Métro mexicain des années 80
Esto No Es Berlin. Nous sommes en 1986 à Mexico. Alors que la majorité de la population est obsédée par la Coupe du monde, Carlos (Xabiani Ponce de Leon) est un adolescent de 17 ans qui ne se sent pas bien dans le monde avec sa famille ou ses compagnons. l'école préfère écouter de la musique et penser à Rita, la sœur de Gera, sa meilleure amie. Leur vie, en particulier celle de Carlos, change lorsque Rita les emmène à Azteca, une boîte de nuit secrète. Ils sont fascinés par ce lieu mythique où elle explore le métro avec sa chatte, l'ambiguïté sexuelle et les médicaments. L'Aztèque devient chez lui et Carlos découvre comment il peut utiliser sa sexualité à son avantage. Le passage à l'âge adulte fait l'objet de films. Pour son quatrième long métrage semi-autobiographique, Hari Sama, scénariste, réalisateur et producteur au Mexique, fait quelque chose d'original en traitant un large éventail de sujets, de la politique à la famille, en passant par l'homosexualité, le sida, l'art et l'amitié.

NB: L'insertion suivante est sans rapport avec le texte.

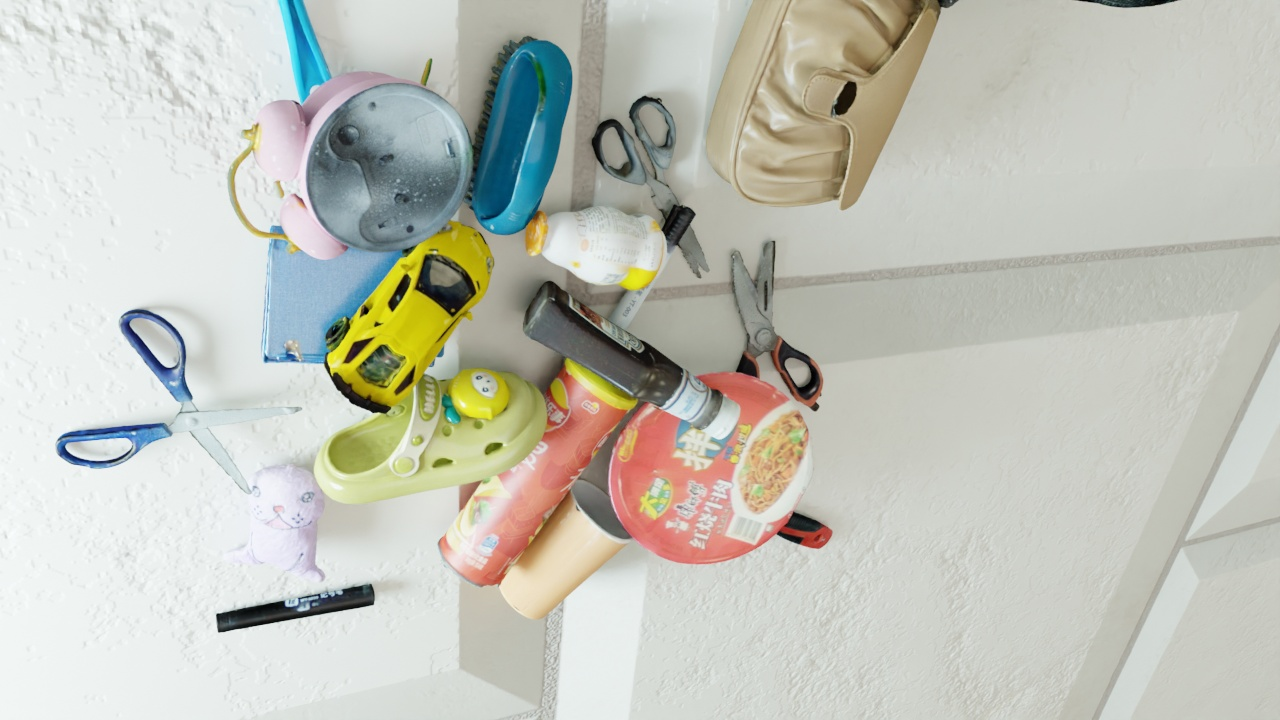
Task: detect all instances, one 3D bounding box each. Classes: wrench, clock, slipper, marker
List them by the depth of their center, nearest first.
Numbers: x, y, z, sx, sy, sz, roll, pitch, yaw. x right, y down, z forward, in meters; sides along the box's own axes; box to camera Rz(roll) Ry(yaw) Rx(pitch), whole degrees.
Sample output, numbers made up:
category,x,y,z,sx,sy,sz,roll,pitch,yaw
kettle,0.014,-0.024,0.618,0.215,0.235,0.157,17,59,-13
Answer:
category,x,y,z,sx,sy,sz,roll,pitch,yaw
clock,-0.194,-0.129,0.614,0.158,0.060,0.117,-29,137,-23
slipper,-0.168,0.053,0.728,0.190,0.091,0.082,-17,138,-10
marker,0.006,-0.075,0.778,0.022,0.018,0.131,29,110,-11
marker,-0.303,0.220,0.812,0.131,0.020,0.022,-7,137,-21
wrench,0.115,0.153,0.973,0.273,0.016,0.056,31,102,-35

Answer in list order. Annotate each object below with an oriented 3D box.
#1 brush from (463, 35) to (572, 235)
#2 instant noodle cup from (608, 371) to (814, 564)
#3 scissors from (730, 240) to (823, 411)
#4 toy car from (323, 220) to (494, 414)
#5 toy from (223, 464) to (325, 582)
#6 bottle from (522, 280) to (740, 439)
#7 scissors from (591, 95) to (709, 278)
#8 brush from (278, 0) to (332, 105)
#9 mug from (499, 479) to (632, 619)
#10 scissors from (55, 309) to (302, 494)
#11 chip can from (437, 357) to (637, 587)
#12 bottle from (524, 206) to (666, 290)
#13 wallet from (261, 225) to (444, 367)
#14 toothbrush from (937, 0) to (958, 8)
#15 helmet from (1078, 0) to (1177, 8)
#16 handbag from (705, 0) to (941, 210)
category,x,y,z,sx,sy,sz,roll,pitch,yaw
brush,-0.084,-0.156,0.659,0.055,0.073,0.144,5,116,-33
instant noodle cup,0.061,0.093,0.862,0.193,0.066,0.194,-3,108,-10
scissors,0.125,-0.010,0.882,0.215,0.015,0.196,23,107,-33
toy car,-0.166,-0.035,0.670,0.071,0.041,0.155,41,83,-35
toy,-0.295,0.130,0.751,0.084,0.038,0.108,12,116,-8
bottle,-0.004,0.004,0.758,0.195,0.079,0.044,31,103,-15
scissors,0.012,-0.131,0.760,0.136,0.014,0.175,-6,124,-24
brush,-0.223,-0.266,0.554,0.083,0.046,0.255,-19,129,-19
mug,-0.074,0.183,0.868,0.078,0.078,0.123,32,107,-36
scissors,-0.342,0.037,0.679,0.172,0.012,0.162,-7,116,-14
chip can,-0.093,0.098,0.807,0.073,0.073,0.217,28,105,-35
bottle,-0.035,-0.092,0.726,0.108,0.063,0.063,7,115,-29
wallet,-0.211,-0.044,0.687,0.133,0.040,0.106,1,109,-27
toothbrush,0.206,-0.253,0.775,0.189,0.017,0.014,-45,125,6
helmet,0.335,-0.386,0.627,0.233,0.230,0.274,34,91,-45
handbag,0.144,-0.214,0.715,0.147,0.099,0.205,8,117,-24

Nous mentionnons également un court métrage, "Blue Boy", dans lequel sept prostituées roumaines sont présentées devant une caméra dans un bar désert à Berlin. Le réalisateur Manuel Abramovich peint ses portraits en écoutant ses propres expériences, en invitant des clients et en parlant de rencontrer une personne âgée. Seul le mouvement de leurs visages nous informe de leurs sentiments possibles sur les mots qu'ils entendent. Un opus unique, pourtant froid et bénin, tout aussi ambigu et intéressant que les personnages.

Comme chaque année, le festival a proposé un menu spécial pour le jeune public dans la petite section Black movie, un concert de cinéma et dix nuits de White Night, distribués à différents endroits pour les amoureux de l'insomnie et des noctambules. En plus du film, il propose des tables rondes qui vous permettent de discuter de votre travail et des master classes avec des invités spécialisés.

»Film noir du 17 au 26 janvier, Maison des Arts du Grütli, Genève, et de nombreuses salles de la ville. Programme complet sur blackmovie.ch. Et à ne pas manquer, c'est que le dimanche 19 dimanche, la danse du thé est une fièvre à 360 ° à partir de 14h00 à La Comédie.